Artinya, matahari terbit dari barat dan terbenam di timur di planet itu. Perputaran searah jarum jam ini mungkin hasil tabrakan kosmik awal dalam sejarah Venus.

Petir misterius
Petir dari awan Venus hingga kini masih menjadi pertanyaan terbuka. Meski pesawat ruang angkasa Venus Express telah ‘mendengar’ elektromagnetik statis yang secara karakteristik menghasilkan petir di Bumi, kamera belum pernah ‘menangkap’ petir ini, kata Grinspoon.
Cara terbentuknya petir ini juga masih misterius. Di Bumi, peran kunci dimainkan kristal es awan. Di Venus, pasokan bahan ini sangat sedikit dijumpai di atmosfernya yang sangat kering.

Kehidupan Alien di Venus?
Grinspoon mengakui adanya argumen masuk akal mengenai kehidupan Venus, bukan di permukaan planet yang super panas itu namun di awannya. Sekitar 50 km di atas awan seharusnya ada tempat yang bisa dihuni yang memiliki tekanan dan suhu seperti Bumi.

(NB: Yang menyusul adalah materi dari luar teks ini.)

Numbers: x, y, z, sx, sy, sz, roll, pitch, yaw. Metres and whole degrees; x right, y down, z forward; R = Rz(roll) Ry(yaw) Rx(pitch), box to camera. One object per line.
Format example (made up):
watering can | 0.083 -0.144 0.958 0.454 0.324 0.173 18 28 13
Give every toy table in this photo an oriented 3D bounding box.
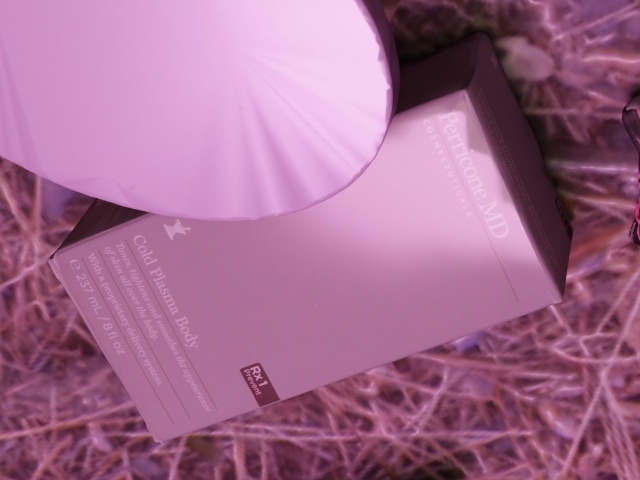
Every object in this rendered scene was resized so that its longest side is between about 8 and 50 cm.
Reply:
toy table | -0.087 -0.132 0.867 0.274 0.161 0.252 36 116 -8

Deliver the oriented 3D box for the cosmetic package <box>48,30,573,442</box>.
cosmetic package | 0.000 0.000 0.950 0.238 0.107 0.127 -22 107 22

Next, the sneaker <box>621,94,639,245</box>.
sneaker | 0.179 -0.018 0.947 0.057 0.047 0.119 -23 109 31
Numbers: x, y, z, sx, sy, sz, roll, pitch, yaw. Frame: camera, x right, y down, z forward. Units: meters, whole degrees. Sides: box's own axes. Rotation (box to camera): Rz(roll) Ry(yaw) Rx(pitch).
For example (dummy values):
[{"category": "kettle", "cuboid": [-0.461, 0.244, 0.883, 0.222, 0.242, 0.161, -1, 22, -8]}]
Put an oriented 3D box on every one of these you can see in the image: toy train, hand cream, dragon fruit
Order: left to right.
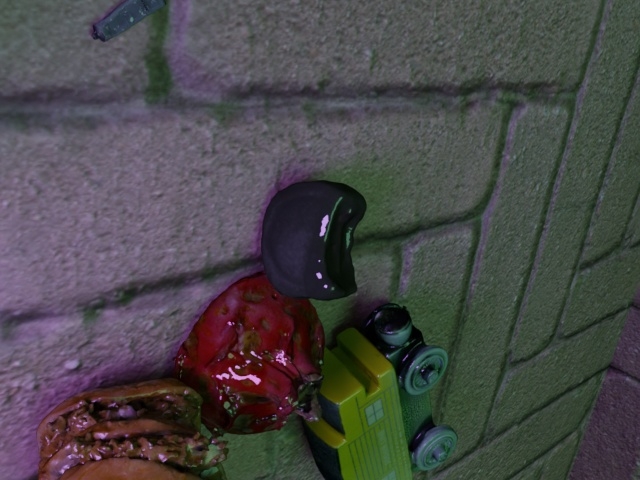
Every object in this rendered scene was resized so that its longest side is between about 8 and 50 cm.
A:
[{"category": "hand cream", "cuboid": [-0.202, -0.239, 0.667, 0.093, 0.019, 0.030, -44, 137, -20]}, {"category": "dragon fruit", "cuboid": [-0.082, 0.171, 0.882, 0.262, 0.211, 0.134, -59, 146, -9]}, {"category": "toy train", "cuboid": [0.102, 0.322, 1.168, 0.272, 0.179, 0.442, -29, 130, -20]}]

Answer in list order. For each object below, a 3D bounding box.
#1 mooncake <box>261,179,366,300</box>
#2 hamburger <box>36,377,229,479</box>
[{"category": "mooncake", "cuboid": [0.000, 0.000, 0.887, 0.104, 0.168, 0.175, 7, 122, -47]}, {"category": "hamburger", "cuboid": [-0.227, 0.294, 0.776, 0.260, 0.211, 0.245, -34, 129, 7]}]

Untuk mendapat energi, makhluk mengambang menyerupai bakteri bisa menggunakan sinar matahari atau bahan kimia di awan. Tentunya, makhluk ini akan mentolerir asam sulfat. Di sisi lain, extremophiles di Bumi menunjukkan, kehidupan bisa berkembang di lingkungan paling keras sekalipun. “Sangat perlu menjelajah awan karena beragam alasan. Salah satunya kemungkinan keberadaan kehidupan eksotis ini,” tutup Grinspoon.